To investigate whether the top SNP and biological candidate KIF1B SNPs were tagging functional variation in nearby coding genes, LD within ±1MB was tested using D′ among 640 previously WGS population controls of European ancestry with IRB permission for use. Functional coding variation included stop gain/loss, frame-shift, start gain/loss, non-synonymous, splice site acceptor/donor, and indel variants.

Post hoc power analysis calculations of the quantitative viral shedding trait were conducted using the Genetic Power Calculator (66) for quantitative traits, under the following assumptions: sample size was N=223, marker allele frequency=5%, there was no dominance (additive model), individuals were unrelated, there was perfect LD, the genome-wide statistical significance threshold was 5E-08, and either the power or detectable variance explained was varied.

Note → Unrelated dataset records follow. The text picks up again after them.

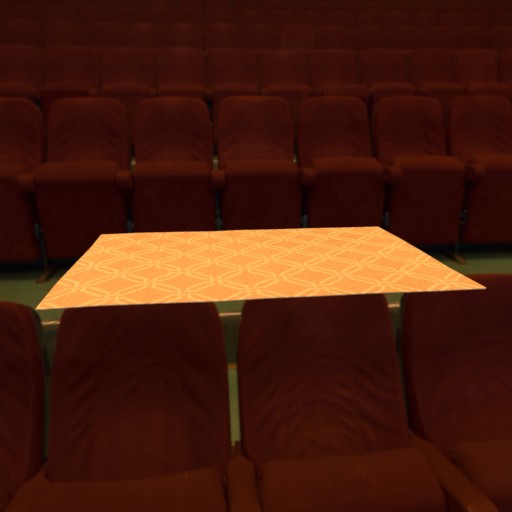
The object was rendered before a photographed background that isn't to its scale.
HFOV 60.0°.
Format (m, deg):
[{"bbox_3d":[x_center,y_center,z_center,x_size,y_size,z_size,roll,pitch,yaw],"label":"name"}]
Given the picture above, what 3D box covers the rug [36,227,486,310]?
[{"bbox_3d":[0.000,0.000,2.223,1.745,0.010,1.146,-2,17,-7],"label":"rug"}]
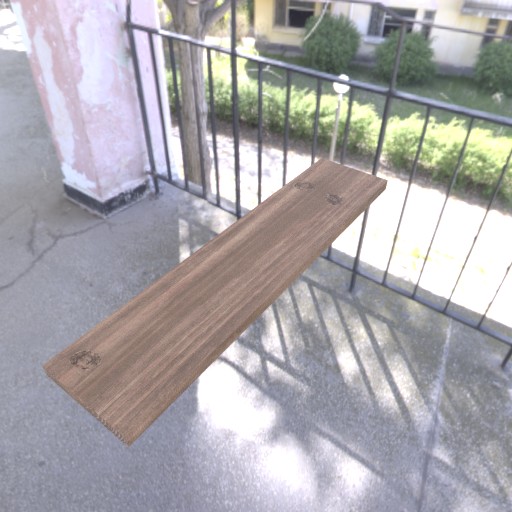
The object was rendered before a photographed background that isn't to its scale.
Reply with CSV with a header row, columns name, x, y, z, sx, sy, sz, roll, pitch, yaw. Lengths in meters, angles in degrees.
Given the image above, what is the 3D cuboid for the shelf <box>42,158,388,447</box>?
name,x,y,z,sx,sy,sz,roll,pitch,yaw
shelf,0.000,0.000,0.656,0.140,0.020,0.610,26,47,27
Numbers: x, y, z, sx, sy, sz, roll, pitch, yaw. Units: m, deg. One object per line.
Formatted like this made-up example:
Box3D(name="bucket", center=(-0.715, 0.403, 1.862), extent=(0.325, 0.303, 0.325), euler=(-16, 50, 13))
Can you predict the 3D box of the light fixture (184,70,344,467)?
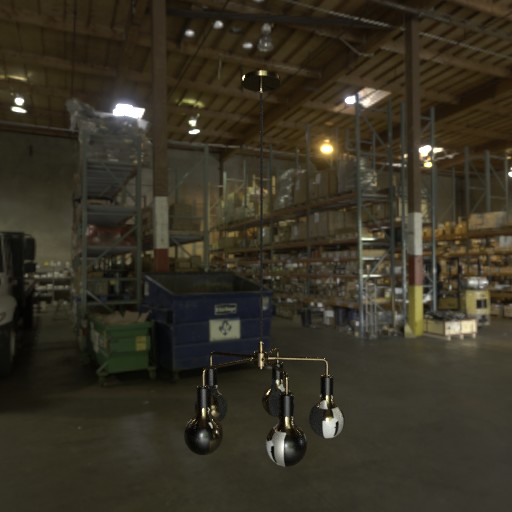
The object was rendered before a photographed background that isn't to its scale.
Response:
Box3D(name="light fixture", center=(0.000, 0.000, 1.213), extent=(0.421, 0.988, 0.438), euler=(1, -2, -37))
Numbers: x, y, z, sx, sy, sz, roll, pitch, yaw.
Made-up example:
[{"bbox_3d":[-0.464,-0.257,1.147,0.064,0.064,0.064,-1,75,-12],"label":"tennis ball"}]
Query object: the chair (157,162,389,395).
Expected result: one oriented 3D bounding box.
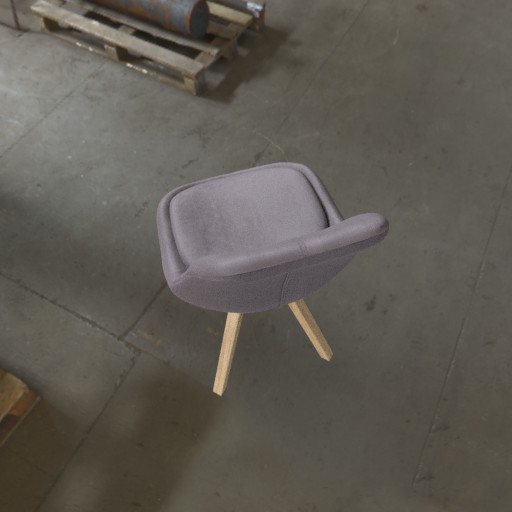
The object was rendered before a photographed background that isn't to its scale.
[{"bbox_3d":[0.000,0.000,1.191,0.483,0.865,0.547,-15,60,-9],"label":"chair"}]
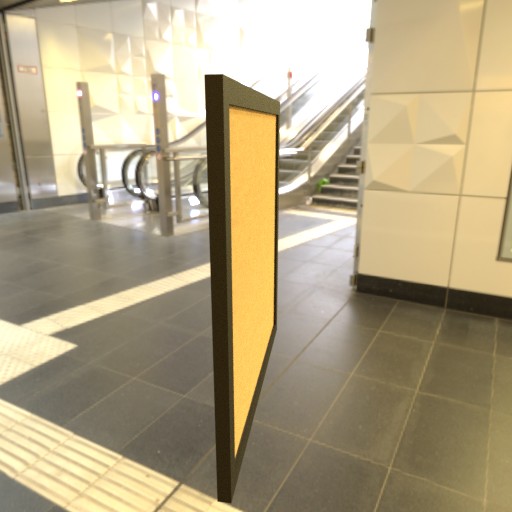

Targeted Analyses of Candidate SNPs

Two targeted approaches were used to investigate SNPs with a higher prior probability of association with HSV-2. Given the central role of T-cells in several types of chronic viral infection and prior associations with other alphaherpesviradae, a targeted analysis of the MHC gene region (hg19/Ch37 chromosome 6: 29,570,005-33,377,699 (67)) was conducted. Other non-MHC genes previously implicated in HSV pathogenesis from candidate gene studies (FASLG, TLR3, TLR2, MBL2, FAS, UNC93B1, TRAF3, TBX21, APOE, and C21orf91) were tested for enrichment of association beyond that expected under the null hypothesis. In our cohort, there were 8791 SNPs in the MHC gene region and 131 SNPs among the non-MHC candidate genes genotyped with a MAF>5%. For targeted analyses of candidate SNPs, the threshold for statistical significance was determined using Bonferroni correction for the number of markers tested in each analysis.